Meditações: 22º domingo do Tempo Comum (Ano C)

Reflexão para meditar no domingo da 22ª semana do tempo comum. Os temas propostos são: humildade: conhecer a miséria e a grandeza; uma luta serena; a dor da humilhação.


AS LEITURAS deste domingo destacam o valor da humildade. Jesus, no Evangelho, convida a escolher o último lugar nos banquetes, “porque quem se eleva, será humilhado e quem se humilha, será elevado” (Lc 14, 11). A soberba nos leva a querer nos engrandecer, a rejeitar a nossa condição de criaturas. Esse foi o pecado de Adão e Eva: não aceitar os próprios limites, desejar ser como Deus. “O soberbo é quem se julga muito mais do que é na realidade; quem anseia por ser reconhecido como maior do que os outros, quer ver sempre reconhecidos os seus próprios méritos e despreza os outros, considerando-os inferiores”[1].
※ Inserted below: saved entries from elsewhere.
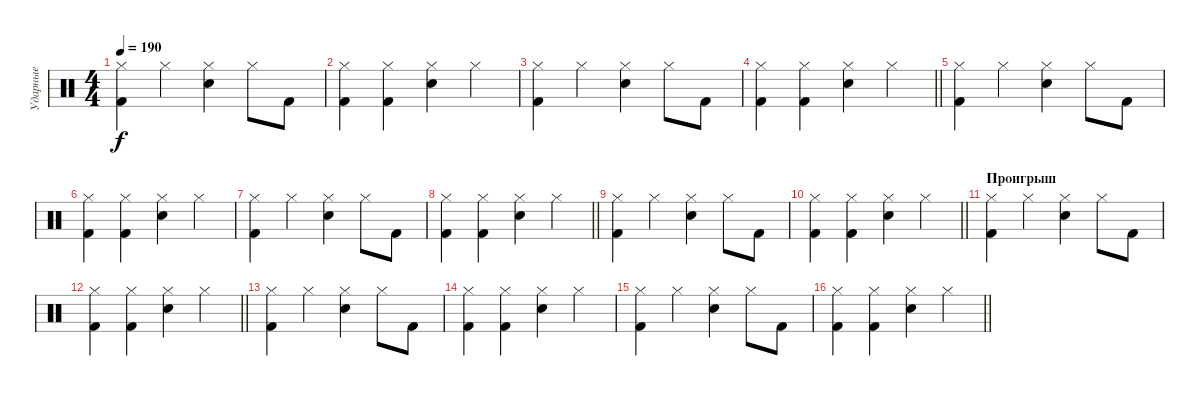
\track ("Ударные" "Ударные") {instrument percussion}
\staff {score}
\articulation defaults
\ts (4 4)
\tempo 190
\clef neutral
\ks c
("Kick (hit) 2" "Hi-Hat (closed)").4{dy f} "Hi-Hat (closed)".4 ("Hand Clap (hit)" "Hi-Hat (closed)").4 "Hi-Hat (closed)".8 "Kick (hit) 2".8 |
("Kick (hit) 2" "Hi-Hat (closed)").4 ("Kick (hit) 2" "Hi-Hat (closed)").4 ("Hand Clap (hit)" "Hi-Hat (closed)").4 "Hi-Hat (closed)".4 |
("Kick (hit) 2" "Hi-Hat (closed)").4 "Hi-Hat (closed)".4 ("Hand Clap (hit)" "Hi-Hat (closed)").4 "Hi-Hat (closed)".8 "Kick (hit) 2".8 |
\barLineRight lightlight
("Kick (hit) 2" "Hi-Hat (closed)").4 ("Kick (hit) 2" "Hi-Hat (closed)").4 ("Hand Clap (hit)" "Hi-Hat (closed)").4 "Hi-Hat (closed)".4 |
("Kick (hit) 2" "Hi-Hat (closed)").4 "Hi-Hat (closed)".4 ("Hand Clap (hit)" "Hi-Hat (closed)").4 "Hi-Hat (closed)".8 "Kick (hit) 2".8 |
("Kick (hit) 2" "Hi-Hat (closed)").4 ("Kick (hit) 2" "Hi-Hat (closed)").4 ("Hand Clap (hit)" "Hi-Hat (closed)").4 "Hi-Hat (closed)".4 |
("Kick (hit) 2" "Hi-Hat (closed)").4 "Hi-Hat (closed)".4 ("Hand Clap (hit)" "Hi-Hat (closed)").4 "Hi-Hat (closed)".8 "Kick (hit) 2".8 |
\barLineRight lightlight
("Kick (hit) 2" "Hi-Hat (closed)").4 ("Kick (hit) 2" "Hi-Hat (closed)").4 ("Hand Clap (hit)" "Hi-Hat (closed)").4 "Hi-Hat (closed)".4 |
("Kick (hit) 2" "Hi-Hat (closed)").4 "Hi-Hat (closed)".4 ("Hand Clap (hit)" "Hi-Hat (closed)").4 "Hi-Hat (closed)".8 "Kick (hit) 2".8 |
\barLineRight lightlight
("Kick (hit) 2" "Hi-Hat (closed)").4 ("Kick (hit) 2" "Hi-Hat (closed)").4 ("Hand Clap (hit)" "Hi-Hat (closed)").4 "Hi-Hat (closed)".4 |
\section ("" "Проигрыш")
("Kick (hit) 2" "Hi-Hat (closed)").4 "Hi-Hat (closed)".4 ("Hand Clap (hit)" "Hi-Hat (closed)").4 "Hi-Hat (closed)".8 "Kick (hit) 2".8 |
\barLineRight lightlight
("Kick (hit) 2" "Hi-Hat (closed)").4 ("Kick (hit) 2" "Hi-Hat (closed)").4 ("Hand Clap (hit)" "Hi-Hat (closed)").4 "Hi-Hat (closed)".4 |
("Kick (hit) 2" "Hi-Hat (closed)").4 "Hi-Hat (closed)".4 ("Hand Clap (hit)" "Hi-Hat (closed)").4 "Hi-Hat (closed)".8 "Kick (hit) 2".8 |
("Kick (hit) 2" "Hi-Hat (closed)").4 ("Kick (hit) 2" "Hi-Hat (closed)").4 ("Hand Clap (hit)" "Hi-Hat (closed)").4 "Hi-Hat (closed)".4 |
("Kick (hit) 2" "Hi-Hat (closed)").4 "Hi-Hat (closed)".4 ("Hand Clap (hit)" "Hi-Hat (closed)").4 "Hi-Hat (closed)".8 "Kick (hit) 2".8 |
\barLineRight lightlight
("Kick (hit) 2" "Hi-Hat (closed)").4 ("Kick (hit) 2" "Hi-Hat (closed)").4 ("Hand Clap (hit)" "Hi-Hat (closed)").4 "Hi-Hat (closed)".4

Pelo contrário, a humildade permite olhar para nós mesmos com um realismo saudável. São Josemaria definia-a como a virtude que “nos ajuda a conhecer simultaneamente a nossa miséria e a nossa grandeza”[2]. Ao mesmo tempo que reconhecemos os nossos limites e defeitos, somos conscientes das nossas qualidades e dos dons que recebemos de Deus. Ver-nos como somos, ver claramente a nossa própria realidade, pode causar-nos vertigens. Pensamos que, se os outros vissem as nossas fraquezas, deixariam de nos amar. Mas só a partir dessa verdade – desse solo firme – é possível construir uma vida autêntica, livre do peso de aparentar, de fingir ser quem não somos. Precisamos nos olhar com os olhos de Deus e repetir com confiança: “Sou como sou, e mesmo assim Deus me amou por alguma razão”.

Lemos na primeira leitura de hoje: “Na medida em que fores grande, deverás praticar a humildade, e assim encontrarás graça diante do Senhor. Muitos são altaneiros e ilustres, mas é aos humildes que ele revela seus mistérios” (Sir 3, 20). A Sagrada Escritura nos mostra que o que o mundo aplaude – o poder, a riqueza, a influência – é insignificante para o Senhor. Pelo contrário, aquilo que passa despercebido, que é discreto, tem na realidade, um valor incalculável. “O olhar humano procura sempre a grandeza e fica deslumbrado com o que é ostensivo. Deus, ao contrário, não olha para as aparências, Deus olha para o coração (cf. 1Sam 16, 7) e encanta-se com a humildade”[3].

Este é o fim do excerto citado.